I'm surprised that a full-blown effort [to have grunts lay boom properly] hasn't been made to do so from Louisiana all the way down Florida. It's easy work. It seems that BP is still in charge of those efforts. That to me should have been taken over by the federal or at least state governments a long time ago.

No arguments here, with these two comments. But here's the problem: this was all prep work and diligence that was NOT done by BP or the US Government before this mess. BP should have listened to the military experts and the Coast Guard (or whoever) should have been laying boom as part of just being a responsible society. BP ignored plenty of rules/regs that were already in place. But noooOOOOoooOOOOooooo, BP had more important things to do than to prepare for a massive underwater oil leak, because in the arrogantly-conceived short term, there was no profit motive to put so many resources into safety, only in getting the oil out as quickly as possible.

I would be more than fine with the military having an even greater role in preparing for this and other disasters, especially since enormous international corporations apparently can't be trusted to do it correctly. However, that doesn't help with the fact that we have an oil leak NOW.

Also, it's not "attacking" the military to point out that they'd wind up subcontracting the same people in order to fix this leak.

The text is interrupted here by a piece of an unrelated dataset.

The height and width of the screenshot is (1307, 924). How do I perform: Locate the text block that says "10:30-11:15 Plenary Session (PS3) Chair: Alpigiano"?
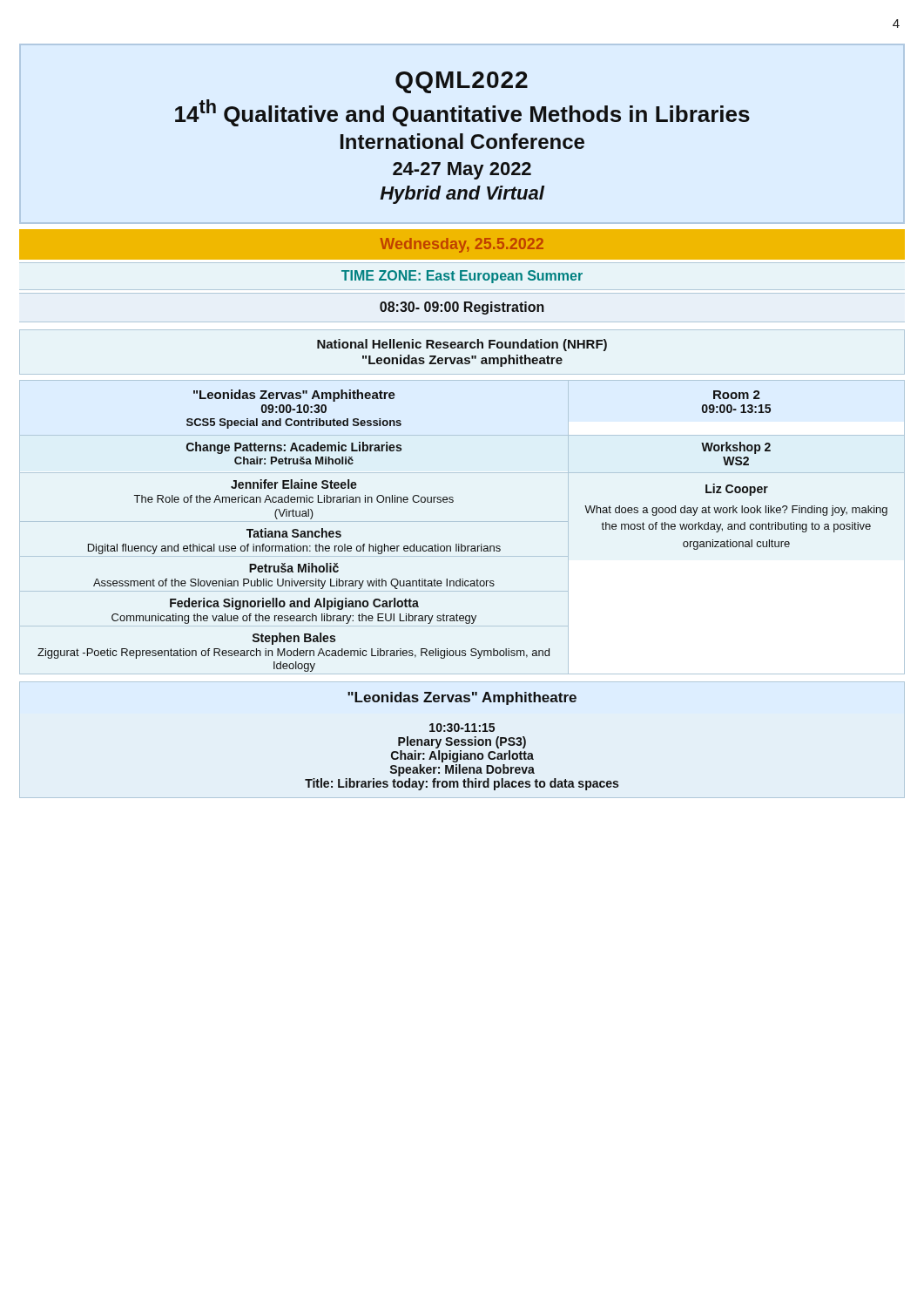point(462,755)

The frustrating thing about the whole mess is that BP is the organization that is SUPPOSED to have the expertise in this area, but it turns out that their expertise is mostly in getting oil out. So, now we're left with a lot of great big organizations appearing weak.
posted by Sticherbeast at 6:30 AM on June 21, 2010


For all of you who are attacking the US Military, what makes you think BP has the command structure to organize and coordinate an army of workers spread out over a few thousand miles? What experience does BP have in coordinating a massive dissaster relief program that you think they are so much better for the job than the military?

I don't see much attacking of the military in this thread. But now you seem to be answering a lot of different questions. Could you make a plausible case for an increased military role during this disaster? Absolutely. Is BP's management of the disaster above reproach? Absolutely not. Has the military achieved a lot of impressive technical feats over the years? Yes (although not many of the ones you listed). Should we have listened to the Navy and Coast Guard and mandated 95% relief wells drilled concurrently? Yes (although I'd like to see a cite for that one).

Can the Navy just stop the oil leak? Well...no. At least not any faster than BP can. And it would probably take them significantly longer as they deal with a pretty big learning curve since, unlike a select group of oil companies, the Navy does not have the necessary experience in deep sea drilling.
posted by 6550 at 6:36 AM on June 21, 2010 [2 favorites]


(Of course, the US Coast Guard and US Navy have been saying for years that these companies should have to drill the relief shaft to 95% completion before they start drawing oil - so, if people had listened to the military experts in the first place, the relief shaft would be nearly done already.)

I hadn't heard this. Do you have a cite?
posted by atrazine at 6:37 AM on June 21, 2010


If President Obama sends in the navy, he would be taking on direct responsibility for them, which includes the very distinct possibility of their failure.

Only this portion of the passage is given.